A banana is a great snack at 105 calories, plus it is very high in potassium, which supports the muscle function. They are low in fat, but they include enough starch to make you feel full.
12. Chia Seeds
When you are a vegan and you cannot consume fish to achieve omega-3 fatty acids, you can enjoy chia seeds, best plant high in omega-3 acids. Nonetheless, your body needs to act to convert the alpha-linolenic acid into DHA or EPA coming from fish oil. In addition to omega-3 acids, antioxidants, iron, calcium, and fiber inside chia seeds will make you fuller for a longer time. 4-8 tablespoons of chia seeds per day can keep you full and thwart you from overeating. But, 1 tablespoon is enough for you in your daily diet.
13. Hot Peppers
Hot peppers include capsaicin that has thermogenic effects. Capsaicin increases the heat production of your body; therefore, it needs more energy and more calories. A published study showed that if capsinoids are used every day, abdominal fat is reduced and fat oxidation is enhanced. Thus, cook your meal along with hot peppers to lose belly fat effectively. Red pepper, habanero pepper, and cayenne pepper are okay. Even when cayenne pepper doesn’t have a considerable amount of capsaicin, you can add much cayenne to your soups, gravies, eggs, and meats.
As you know, garlic is great for the cardiovascular system. Besides increasing good cholesterol, garlic can reduce diastolic and systolic blood pressure and triglycerides. However, perhaps you may not know the perfect anti-obesity properties of garlic. In your body, adipocytes are the cells that compose adipose tissue or body fat. A process occurring in the adipose tissue clarifies that pre-adipocytes will be converted into full-fledged tissue. This process is called adipogenesis. Garlic will help to inhibit the process of creating fat in your body. You need to know that raw garlic is better when you have an intention of losing belly fat.

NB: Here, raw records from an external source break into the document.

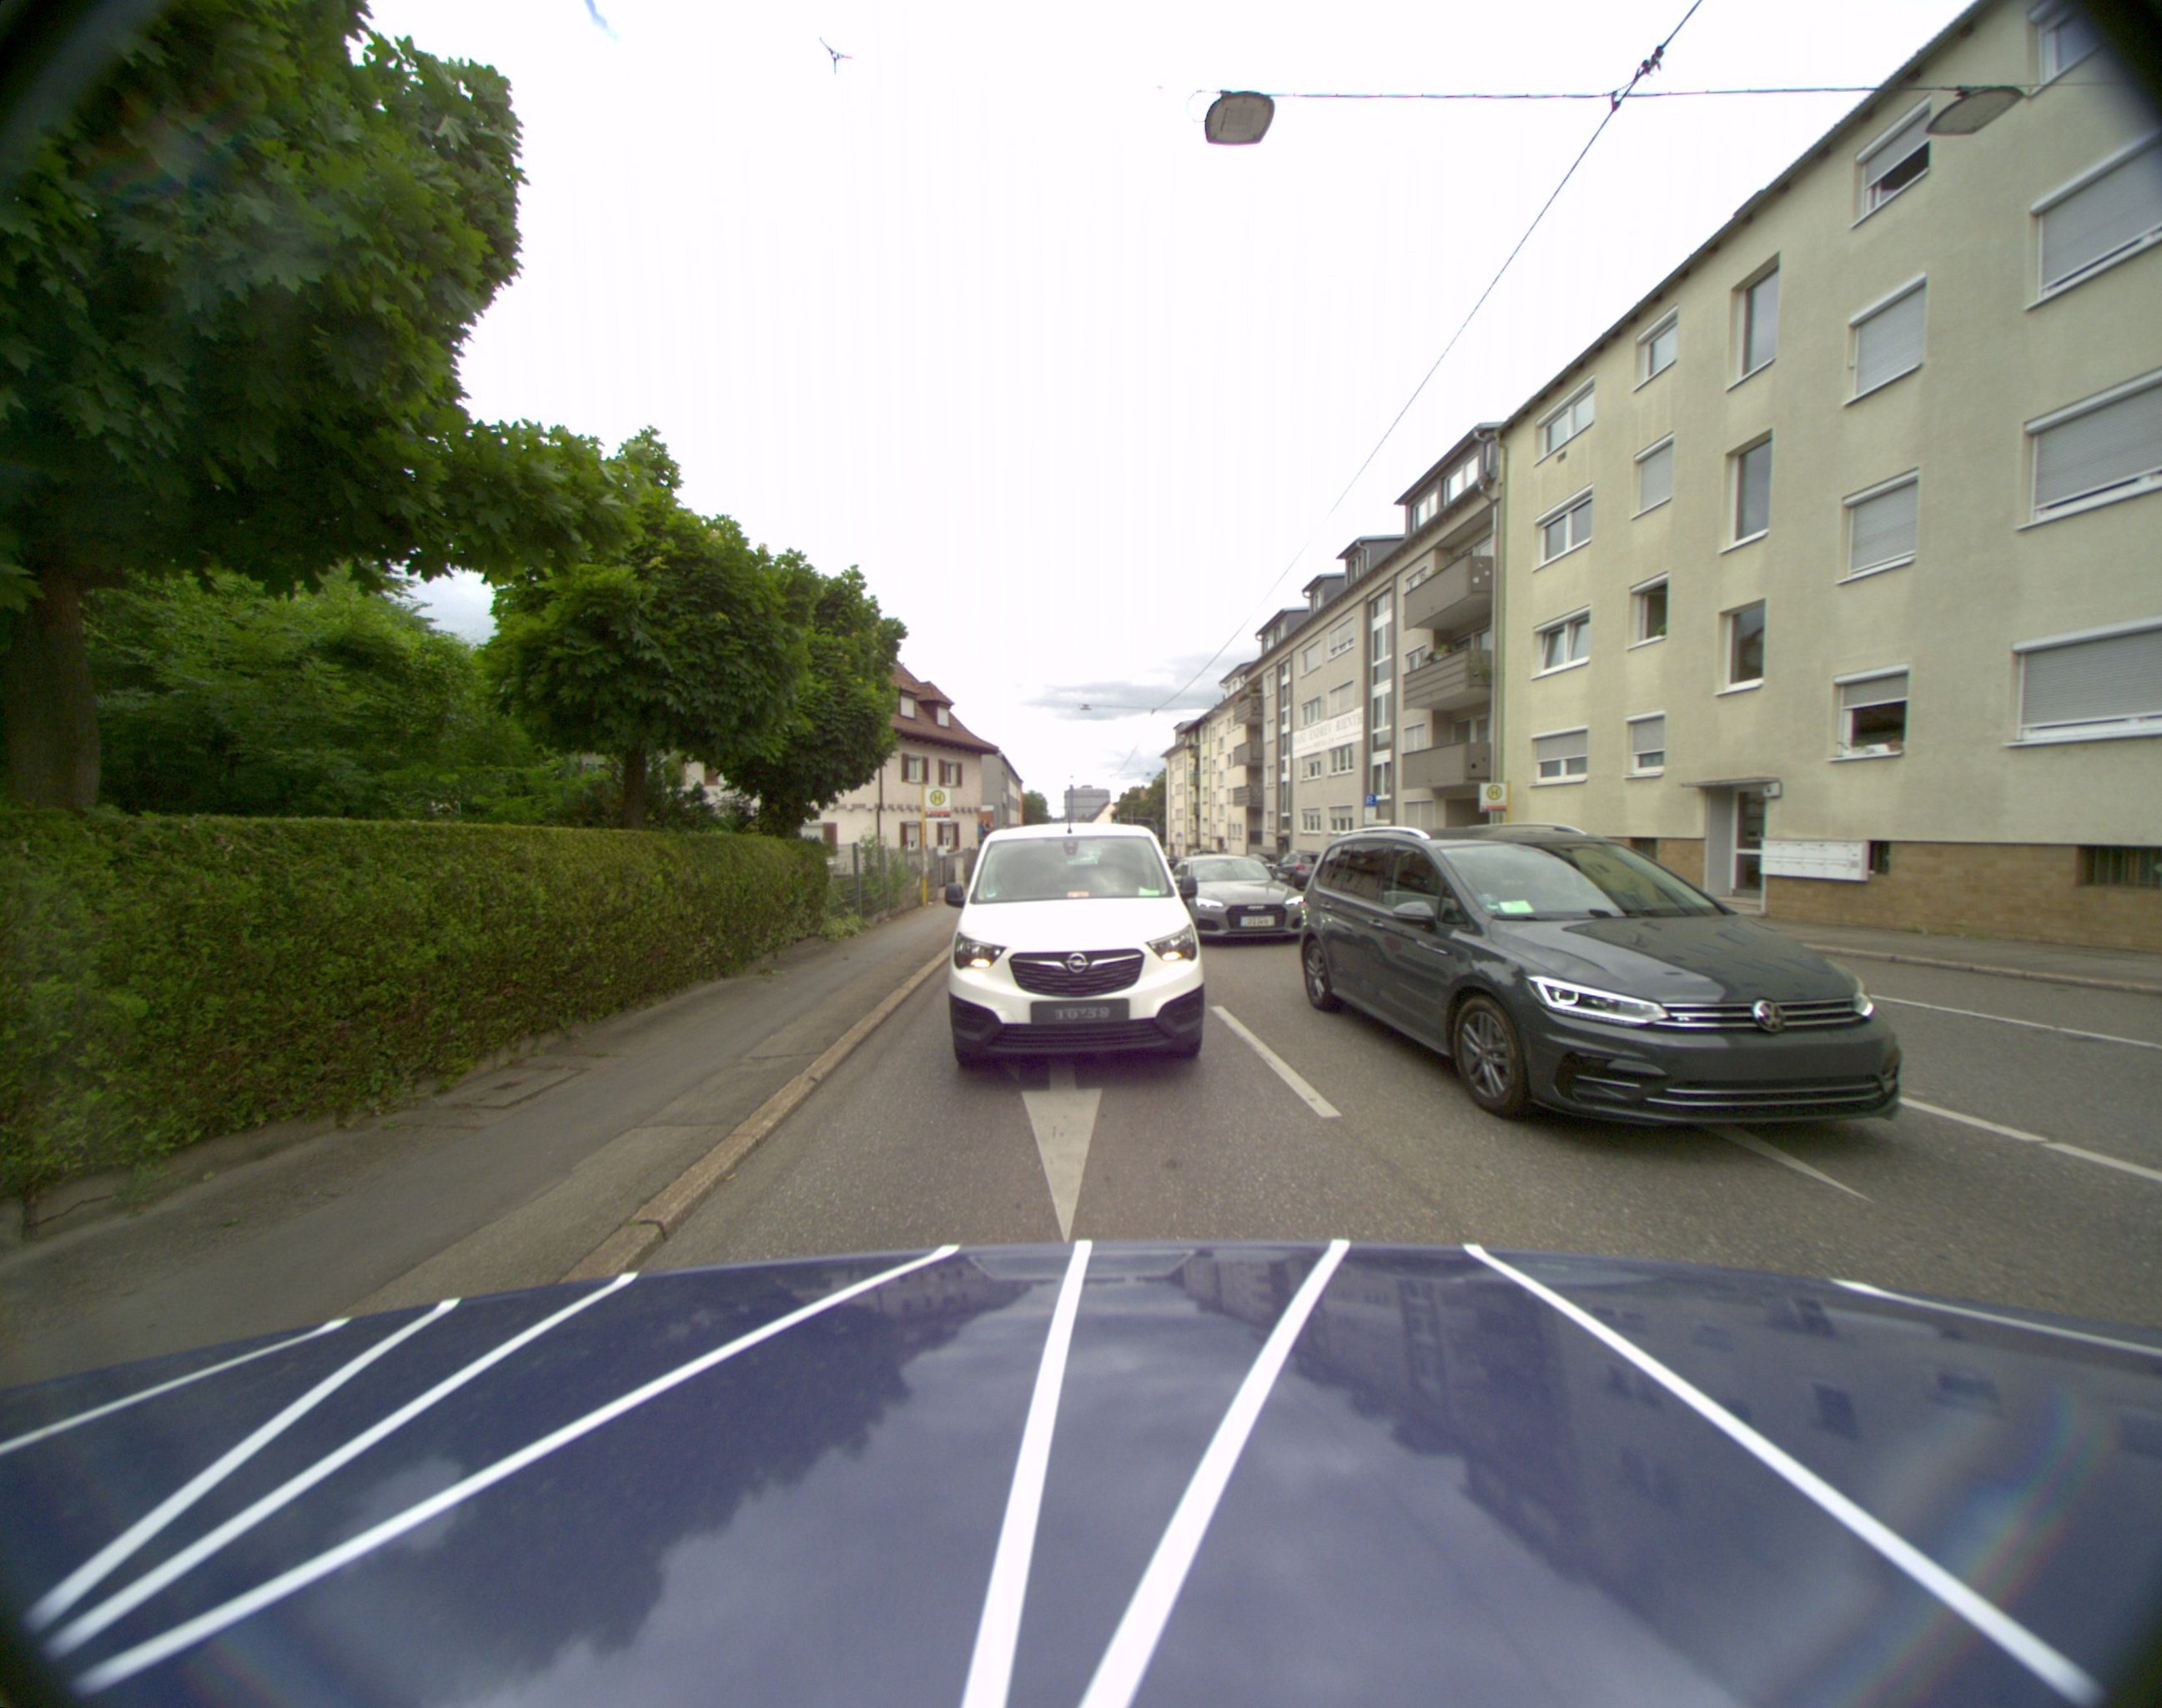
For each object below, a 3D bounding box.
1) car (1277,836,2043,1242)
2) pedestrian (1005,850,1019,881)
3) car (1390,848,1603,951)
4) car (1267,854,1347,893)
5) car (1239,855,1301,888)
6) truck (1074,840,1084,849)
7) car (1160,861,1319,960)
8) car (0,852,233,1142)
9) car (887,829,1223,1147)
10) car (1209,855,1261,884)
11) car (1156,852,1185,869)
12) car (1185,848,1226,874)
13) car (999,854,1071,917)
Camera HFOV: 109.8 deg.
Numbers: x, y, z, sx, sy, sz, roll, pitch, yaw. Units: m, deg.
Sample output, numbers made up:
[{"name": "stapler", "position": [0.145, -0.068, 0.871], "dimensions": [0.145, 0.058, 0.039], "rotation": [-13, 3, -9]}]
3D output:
[{"name": "car", "position": [2.999, 0.726, 5.369], "dimensions": [1.863, 1.601, 4.477], "rotation": [-2, 1, -2]}, {"name": "pedestrian", "position": [-4.111, 0.655, 45.327], "dimensions": [0.646, 1.830, 0.593], "rotation": [-1, 1, 22]}, {"name": "car", "position": [6.900, 0.670, 13.052], "dimensions": [1.602, 1.509, 3.458], "rotation": [0, 1, -3]}, {"name": "car", "position": [8.754, 0.717, 29.771], "dimensions": [1.776, 1.403, 3.685], "rotation": [1, 1, -5]}, {"name": "car", "position": [8.559, 0.764, 34.719], "dimensions": [1.669, 1.368, 3.538], "rotation": [1, 1, -5]}, {"name": "truck", "position": [-0.577, -2.510, 208.604], "dimensions": [2.547, 2.522, 5.493], "rotation": [0, 0, -2]}, {"name": "car", "position": [2.528, 0.847, 13.160], "dimensions": [1.882, 1.347, 4.146], "rotation": [-1, 0, 0]}, {"name": "car", "position": [-6.616, 0.779, 3.321], "dimensions": [1.698, 1.452, 3.444], "rotation": [-1, 1, 21]}, {"name": "car", "position": [-0.124, 0.735, 6.709], "dimensions": [1.862, 1.772, 4.711], "rotation": [-2, 1, 0]}, {"name": "car", "position": [8.191, 0.801, 40.747], "dimensions": [1.776, 1.395, 3.538], "rotation": [1, 1, -5]}, {"name": "car", "position": [7.813, 0.586, 66.663], "dimensions": [1.776, 1.395, 3.757], "rotation": [1, 1, -5]}, {"name": "car", "position": [8.134, 0.422, 49.868], "dimensions": [1.776, 1.592, 3.538], "rotation": [1, 1, -5]}, {"name": "car", "position": [-1.383, 0.832, 22.175], "dimensions": [1.900, 1.635, 3.998], "rotation": [0, 1, -5]}]

You can chew 3 cloves of garlic and after that let drink the lemon juice. Follow this in the morning for about 2 weeks. It will surprise you.
15. Ginger Tea
Ginger has a property to support your digestive system. You may know this. However, ginger is also a thermogenic. Thermogennic will increase your body temperature, which aids in burning abdominal effectively. There are many reasons leading to your belly fat such as overeating, stress, lack of exercise, and reduction of hormone. Ginger is believed to prevent cortisol manufacture. Cortisol is known as a steroid hormone necessary for mobilization and energy regulation. Therefore, drinking each day can burn your belly fat.
Have 2 cups of ginger tea each day or more to regulate your metabolism, encourage your digestion, and lower your cortisol manufacture.
All of the above tips on how to lose belly fat at home are what I have used to get rid of ugly and stubborn belly fat, and now, I am glad to share my very own experiences with anyone who desires to get in shape within a very short period of time.